BEGIN Data
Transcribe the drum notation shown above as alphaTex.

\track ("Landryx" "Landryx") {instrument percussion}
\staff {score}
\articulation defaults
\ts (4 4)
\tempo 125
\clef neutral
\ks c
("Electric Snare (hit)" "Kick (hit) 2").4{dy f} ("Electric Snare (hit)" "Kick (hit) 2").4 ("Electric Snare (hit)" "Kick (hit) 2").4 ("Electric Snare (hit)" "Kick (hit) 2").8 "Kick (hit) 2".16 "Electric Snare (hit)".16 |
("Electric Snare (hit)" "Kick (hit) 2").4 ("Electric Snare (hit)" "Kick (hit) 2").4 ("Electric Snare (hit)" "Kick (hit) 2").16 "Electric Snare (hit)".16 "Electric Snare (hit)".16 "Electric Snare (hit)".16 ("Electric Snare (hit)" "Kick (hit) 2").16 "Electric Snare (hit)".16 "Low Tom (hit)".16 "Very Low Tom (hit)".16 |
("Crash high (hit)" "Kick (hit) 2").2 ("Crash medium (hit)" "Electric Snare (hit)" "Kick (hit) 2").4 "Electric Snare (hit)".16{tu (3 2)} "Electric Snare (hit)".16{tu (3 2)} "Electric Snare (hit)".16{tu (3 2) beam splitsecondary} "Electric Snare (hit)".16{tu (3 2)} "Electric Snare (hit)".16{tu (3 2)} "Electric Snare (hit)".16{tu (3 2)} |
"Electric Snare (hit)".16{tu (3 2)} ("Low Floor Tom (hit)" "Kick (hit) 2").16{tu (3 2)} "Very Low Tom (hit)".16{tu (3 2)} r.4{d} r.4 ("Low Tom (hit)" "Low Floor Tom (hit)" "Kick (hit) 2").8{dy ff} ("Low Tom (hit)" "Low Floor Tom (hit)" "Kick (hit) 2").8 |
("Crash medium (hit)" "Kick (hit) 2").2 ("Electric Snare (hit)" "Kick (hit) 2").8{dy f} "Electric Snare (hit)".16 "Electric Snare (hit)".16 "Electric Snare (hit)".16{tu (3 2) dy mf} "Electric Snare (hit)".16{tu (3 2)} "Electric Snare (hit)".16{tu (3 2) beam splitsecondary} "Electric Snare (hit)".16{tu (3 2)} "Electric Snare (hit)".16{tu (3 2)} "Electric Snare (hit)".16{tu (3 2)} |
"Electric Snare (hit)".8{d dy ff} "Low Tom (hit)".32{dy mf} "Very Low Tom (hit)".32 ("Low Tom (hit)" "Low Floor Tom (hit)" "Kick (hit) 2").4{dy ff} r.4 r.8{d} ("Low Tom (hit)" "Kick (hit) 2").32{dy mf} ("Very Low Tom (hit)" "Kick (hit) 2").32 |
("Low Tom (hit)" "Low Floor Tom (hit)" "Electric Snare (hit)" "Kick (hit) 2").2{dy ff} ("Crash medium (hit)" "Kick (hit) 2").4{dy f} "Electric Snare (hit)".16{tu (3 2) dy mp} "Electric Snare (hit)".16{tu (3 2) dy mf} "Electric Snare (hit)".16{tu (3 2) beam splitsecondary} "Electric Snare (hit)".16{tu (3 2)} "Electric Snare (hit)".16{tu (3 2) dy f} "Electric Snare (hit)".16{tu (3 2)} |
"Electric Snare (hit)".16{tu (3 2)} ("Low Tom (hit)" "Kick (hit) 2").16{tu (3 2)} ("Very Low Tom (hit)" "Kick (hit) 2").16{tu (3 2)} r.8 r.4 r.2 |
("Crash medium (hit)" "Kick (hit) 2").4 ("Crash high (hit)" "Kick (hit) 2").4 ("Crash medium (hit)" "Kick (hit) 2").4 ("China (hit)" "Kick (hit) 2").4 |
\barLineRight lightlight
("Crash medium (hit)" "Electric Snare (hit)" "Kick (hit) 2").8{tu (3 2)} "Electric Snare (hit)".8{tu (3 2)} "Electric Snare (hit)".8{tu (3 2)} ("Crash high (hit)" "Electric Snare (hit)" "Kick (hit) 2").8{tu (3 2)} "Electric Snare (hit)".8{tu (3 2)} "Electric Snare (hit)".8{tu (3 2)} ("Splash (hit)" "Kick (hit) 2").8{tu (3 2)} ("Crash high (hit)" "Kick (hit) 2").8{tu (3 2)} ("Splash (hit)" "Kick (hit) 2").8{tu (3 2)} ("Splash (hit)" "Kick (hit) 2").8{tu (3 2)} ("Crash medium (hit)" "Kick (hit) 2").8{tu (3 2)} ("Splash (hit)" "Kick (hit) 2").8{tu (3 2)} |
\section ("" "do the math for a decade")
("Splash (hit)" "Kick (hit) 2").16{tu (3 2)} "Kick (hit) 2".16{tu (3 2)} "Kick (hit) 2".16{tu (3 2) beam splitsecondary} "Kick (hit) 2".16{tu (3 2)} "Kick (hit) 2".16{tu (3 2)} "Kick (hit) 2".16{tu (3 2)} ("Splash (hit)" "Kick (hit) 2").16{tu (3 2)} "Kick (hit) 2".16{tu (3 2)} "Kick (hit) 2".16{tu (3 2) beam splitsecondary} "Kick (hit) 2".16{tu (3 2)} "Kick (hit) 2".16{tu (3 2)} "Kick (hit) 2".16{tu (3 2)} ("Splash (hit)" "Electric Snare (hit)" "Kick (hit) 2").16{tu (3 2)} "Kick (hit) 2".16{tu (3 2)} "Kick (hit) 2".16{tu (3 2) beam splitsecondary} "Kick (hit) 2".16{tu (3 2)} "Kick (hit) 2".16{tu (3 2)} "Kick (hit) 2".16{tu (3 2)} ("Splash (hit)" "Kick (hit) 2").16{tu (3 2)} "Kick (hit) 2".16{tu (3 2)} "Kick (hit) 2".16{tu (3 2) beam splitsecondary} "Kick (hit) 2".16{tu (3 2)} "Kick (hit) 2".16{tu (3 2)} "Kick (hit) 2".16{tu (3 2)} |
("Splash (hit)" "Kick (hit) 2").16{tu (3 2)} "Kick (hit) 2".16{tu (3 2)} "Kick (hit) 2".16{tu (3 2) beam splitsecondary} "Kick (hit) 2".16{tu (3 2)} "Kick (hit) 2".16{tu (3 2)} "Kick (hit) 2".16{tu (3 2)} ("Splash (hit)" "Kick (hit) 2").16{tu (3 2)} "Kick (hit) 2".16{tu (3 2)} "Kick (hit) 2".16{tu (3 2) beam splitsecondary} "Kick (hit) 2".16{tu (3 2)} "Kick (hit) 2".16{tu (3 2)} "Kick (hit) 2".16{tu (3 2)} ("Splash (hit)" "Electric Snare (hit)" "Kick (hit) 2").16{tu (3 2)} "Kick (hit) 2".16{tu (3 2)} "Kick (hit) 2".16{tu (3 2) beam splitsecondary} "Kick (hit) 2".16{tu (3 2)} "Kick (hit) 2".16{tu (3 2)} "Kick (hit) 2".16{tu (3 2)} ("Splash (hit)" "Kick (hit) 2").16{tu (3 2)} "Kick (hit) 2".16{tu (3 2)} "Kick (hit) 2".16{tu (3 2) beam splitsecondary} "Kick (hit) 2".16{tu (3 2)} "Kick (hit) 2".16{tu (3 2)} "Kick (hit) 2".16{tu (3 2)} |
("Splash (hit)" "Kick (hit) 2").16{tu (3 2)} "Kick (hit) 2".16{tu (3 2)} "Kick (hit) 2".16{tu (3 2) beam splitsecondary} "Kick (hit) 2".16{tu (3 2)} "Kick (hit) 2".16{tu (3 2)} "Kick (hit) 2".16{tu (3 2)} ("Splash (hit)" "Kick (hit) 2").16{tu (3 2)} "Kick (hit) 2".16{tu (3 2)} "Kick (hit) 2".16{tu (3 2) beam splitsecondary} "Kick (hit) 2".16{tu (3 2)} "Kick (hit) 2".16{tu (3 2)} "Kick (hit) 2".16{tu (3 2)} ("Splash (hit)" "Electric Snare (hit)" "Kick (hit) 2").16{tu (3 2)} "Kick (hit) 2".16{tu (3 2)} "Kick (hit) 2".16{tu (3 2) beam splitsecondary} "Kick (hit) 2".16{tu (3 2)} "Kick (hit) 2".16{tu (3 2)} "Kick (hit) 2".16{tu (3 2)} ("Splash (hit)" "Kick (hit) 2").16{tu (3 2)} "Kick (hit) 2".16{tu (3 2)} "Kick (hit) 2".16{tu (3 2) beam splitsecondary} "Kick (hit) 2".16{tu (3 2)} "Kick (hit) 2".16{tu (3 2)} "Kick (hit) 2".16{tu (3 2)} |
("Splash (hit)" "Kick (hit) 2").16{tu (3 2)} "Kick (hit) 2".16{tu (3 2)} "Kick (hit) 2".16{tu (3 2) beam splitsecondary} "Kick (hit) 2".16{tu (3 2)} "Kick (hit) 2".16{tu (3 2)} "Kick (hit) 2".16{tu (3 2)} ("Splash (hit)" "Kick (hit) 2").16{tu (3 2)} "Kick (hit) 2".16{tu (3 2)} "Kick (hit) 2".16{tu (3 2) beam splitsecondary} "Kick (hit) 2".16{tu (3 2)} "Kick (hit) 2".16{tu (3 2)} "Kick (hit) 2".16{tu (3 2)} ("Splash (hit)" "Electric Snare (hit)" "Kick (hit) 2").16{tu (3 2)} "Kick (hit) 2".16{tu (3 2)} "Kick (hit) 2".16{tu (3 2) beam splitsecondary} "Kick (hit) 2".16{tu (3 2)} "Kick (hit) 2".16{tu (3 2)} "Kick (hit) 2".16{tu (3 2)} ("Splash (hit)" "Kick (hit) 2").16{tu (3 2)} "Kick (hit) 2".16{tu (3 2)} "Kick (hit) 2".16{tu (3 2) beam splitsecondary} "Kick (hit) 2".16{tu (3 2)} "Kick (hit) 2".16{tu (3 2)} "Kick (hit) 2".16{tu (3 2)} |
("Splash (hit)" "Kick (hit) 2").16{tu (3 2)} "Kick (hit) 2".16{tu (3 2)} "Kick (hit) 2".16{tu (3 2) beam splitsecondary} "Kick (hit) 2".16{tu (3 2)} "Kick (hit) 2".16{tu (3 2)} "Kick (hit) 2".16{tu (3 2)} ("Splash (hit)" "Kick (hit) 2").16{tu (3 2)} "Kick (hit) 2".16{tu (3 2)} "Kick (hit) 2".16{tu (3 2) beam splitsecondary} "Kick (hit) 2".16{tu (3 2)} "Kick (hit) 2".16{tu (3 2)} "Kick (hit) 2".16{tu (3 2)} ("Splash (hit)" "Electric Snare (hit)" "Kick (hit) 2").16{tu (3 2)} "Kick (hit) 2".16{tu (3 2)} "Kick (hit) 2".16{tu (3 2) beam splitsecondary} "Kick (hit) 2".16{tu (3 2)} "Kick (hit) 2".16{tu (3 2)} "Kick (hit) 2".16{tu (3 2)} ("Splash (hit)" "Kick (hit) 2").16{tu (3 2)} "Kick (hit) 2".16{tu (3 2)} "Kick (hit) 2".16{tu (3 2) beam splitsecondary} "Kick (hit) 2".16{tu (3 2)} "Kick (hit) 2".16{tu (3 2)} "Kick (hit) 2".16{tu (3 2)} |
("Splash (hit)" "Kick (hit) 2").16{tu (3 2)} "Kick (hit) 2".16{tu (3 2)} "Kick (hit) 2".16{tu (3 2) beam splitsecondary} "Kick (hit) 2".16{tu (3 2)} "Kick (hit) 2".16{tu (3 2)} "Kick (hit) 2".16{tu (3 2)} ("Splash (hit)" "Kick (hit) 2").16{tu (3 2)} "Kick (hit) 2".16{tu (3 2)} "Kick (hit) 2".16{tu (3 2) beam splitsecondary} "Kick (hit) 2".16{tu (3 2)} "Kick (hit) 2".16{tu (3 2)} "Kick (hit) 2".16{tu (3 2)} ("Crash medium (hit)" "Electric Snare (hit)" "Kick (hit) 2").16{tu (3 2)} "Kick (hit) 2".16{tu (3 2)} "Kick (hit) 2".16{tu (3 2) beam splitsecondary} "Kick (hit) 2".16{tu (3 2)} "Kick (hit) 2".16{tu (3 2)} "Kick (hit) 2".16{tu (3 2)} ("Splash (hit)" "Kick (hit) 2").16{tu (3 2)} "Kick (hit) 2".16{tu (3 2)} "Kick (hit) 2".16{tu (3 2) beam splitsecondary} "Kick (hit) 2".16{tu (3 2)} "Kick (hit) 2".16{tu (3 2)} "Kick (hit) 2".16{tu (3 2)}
END Data
→ **Your assignment**
Filter the records above for lines containing the word "Very", and copy those lines.

→ **Expected answer**
("Electric Snare (hit)" "Kick (hit) 2").4 ("Electric Snare (hit)" "Kick (hit) 2").4 ("Electric Snare (hit)" "Kick (hit) 2").16 "Electric Snare (hit)".16 "Electric Snare (hit)".16 "Electric Snare (hit)".16 ("Electric Snare (hit)" "Kick (hit) 2").16 "Electric Snare (hit)".16 "Low Tom (hit)".16 "Very Low Tom (hit)".16 |
"Electric Snare (hit)".16{tu (3 2)} ("Low Floor Tom (hit)" "Kick (hit) 2").16{tu (3 2)} "Very Low Tom (hit)".16{tu (3 2)} r.4{d} r.4 ("Low Tom (hit)" "Low Floor Tom (hit)" "Kick (hit) 2").8{dy ff} ("Low Tom (hit)" "Low Floor Tom (hit)" "Kick (hit) 2").8 |
"Electric Snare (hit)".8{d dy ff} "Low Tom (hit)".32{dy mf} "Very Low Tom (hit)".32 ("Low Tom (hit)" "Low Floor Tom (hit)" "Kick (hit) 2").4{dy ff} r.4 r.8{d} ("Low Tom (hit)" "Kick (hit) 2").32{dy mf} ("Very Low Tom (hit)" "Kick (hit) 2").32 |
"Electric Snare (hit)".16{tu (3 2)} ("Low Tom (hit)" "Kick (hit) 2").16{tu (3 2)} ("Very Low Tom (hit)" "Kick (hit) 2").16{tu (3 2)} r.8 r.4 r.2 |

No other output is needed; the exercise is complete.